All of this is scandalous enough but the real story begins when he takes up with a much younger African American man, changes his name to Dawn and has a sex change operation at Johns Hopkins. Bear in mind this all took place in the late sixties and early seventies. Think of the gossip. But wait, there’s more. Dawn shows up with a baby. Author Ball is to be commended for sorting the truth in the midst of a Gordian knot of lies, deceits and conflicting stories in this entertaining read.
- Phyllis
Maisie Dobbs
by Jacqueline Winspear
My favorite mysteries feature women detectives who rely on pure intellect to solve their cases. Agatha Christie’s Miss Marple and Dorothy L. Sayers Harriet Vane come to mind. Add to this list Maisie Dobbs, nurse, veteran of the First World War, Cambridge educated, psychologist and private detective. This series by Jacqueline Winspear begins with Maisie Dobbs and continues with the seventh volume, Mapping of Love and Death, due out in March 2010.

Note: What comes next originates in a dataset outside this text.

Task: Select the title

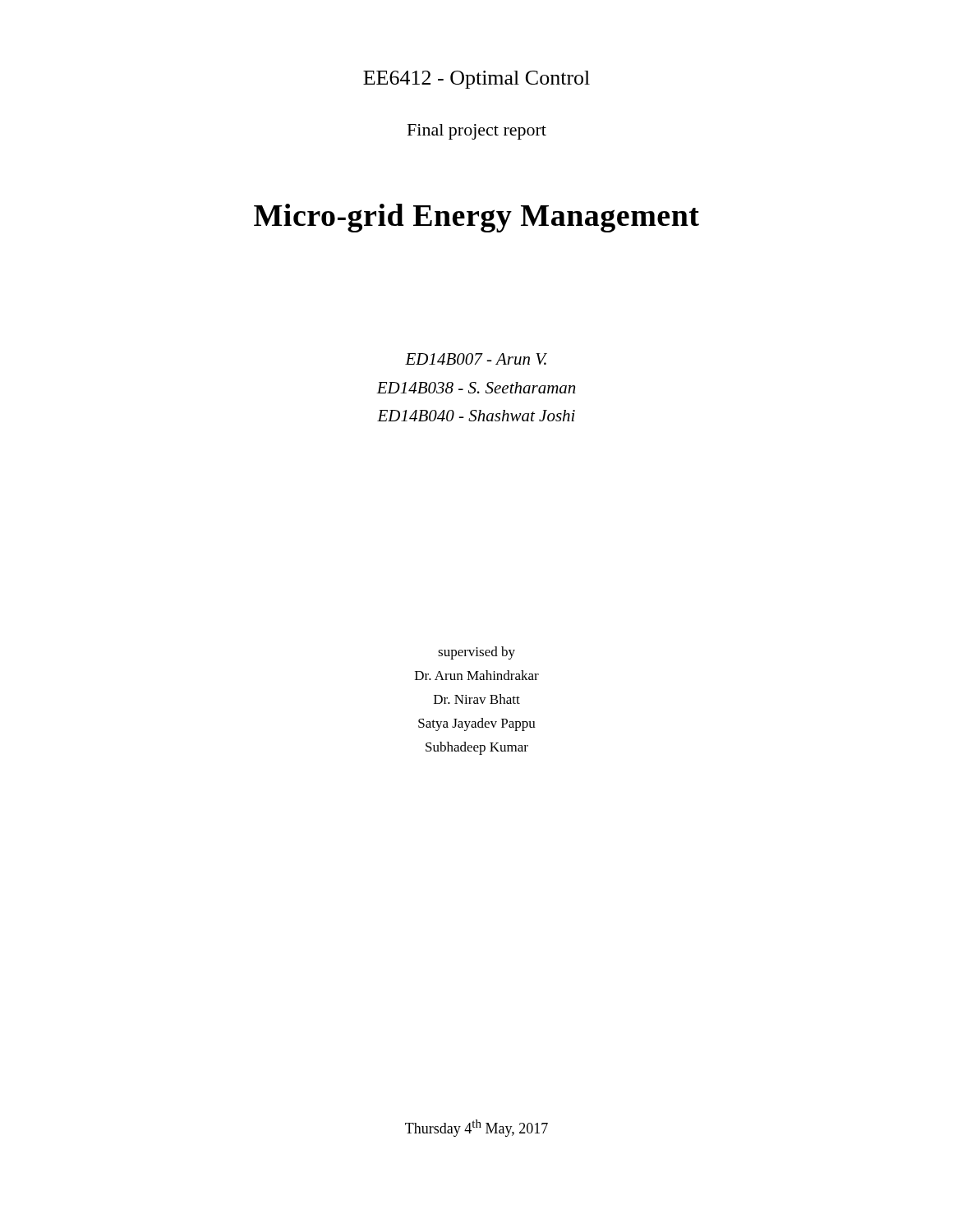Action: point(476,215)
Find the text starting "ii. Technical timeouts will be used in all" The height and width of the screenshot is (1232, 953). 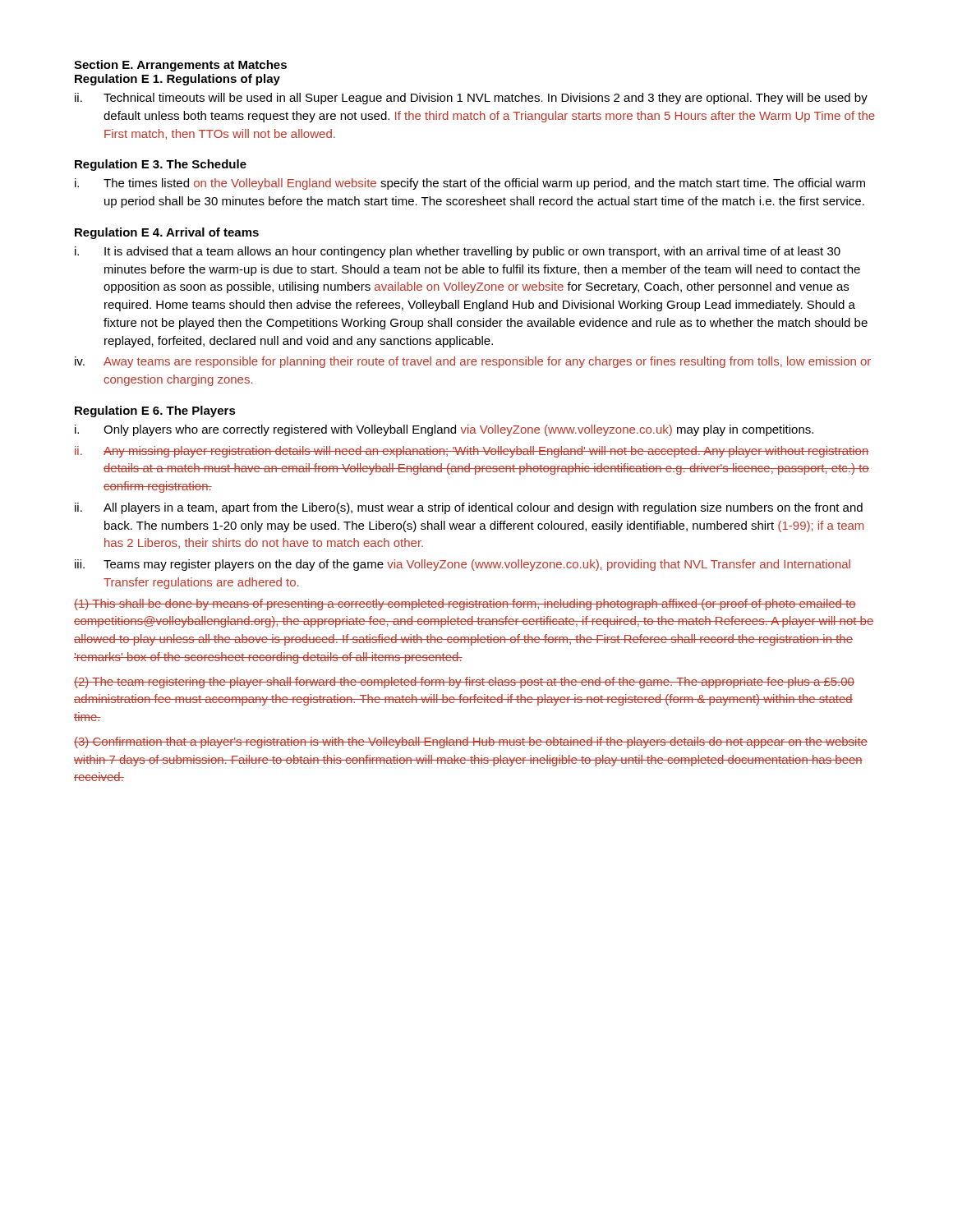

Begin with this first volume, for background on how a bright working class girl developed into the remarkable Maisie. Starting out as a servant after the death of her mother, she is taken under the wing of Lady Rowan, the vivacious and progressive aristocrat who recognizes Maisie’s talent and sees she receives a first rate education after intense tutoring by her friend psychologist Maurice Blanche. During WW I Maisie finds herself a nurse in a field hospital in France where she treats victims of mustard gas and other horrific injuries before she and her fiancé, surgeon Simon Lynch are both injured themselves.
This war experience provides the foundation for all of Maisie’s work as a private detective, giving her compassion and understanding as she navigates the harsh realities of post war England when the tremendous death toll of the war left many damaged souls as well as social and economic devastation. Somehow, the conclusions she reaches while solving her cases move Maisie and her clients a little closer to healing the wounds of war. For mystery lovers who relish plowing through multiple volumes at once, this character driven series is a prize.
- Phyllis
Persepolis: The Story of a Childhood (vol. 1)
By Marjane Satrapi
As our nation emerges from years of isolation from Iran and attempts to engage a nation whose actions are frightening, this autobiographical graphic novel serves as an excellent primer on the history of Iran’s theocracy. For readers not tuned into graphic novels, don’t be deceived by the comic book format. Satrapi, born in 1969, is a child of the revolution but also the child of progressive, well educated parents who are at first elated by the overthrow of the Shah. They are quickly disillusioned when the Islamic regime evolves into the same sort of totalitarianism and fear suffered under the Shah. Marjane’s story continues in Persepolis 2: The Story of a Return.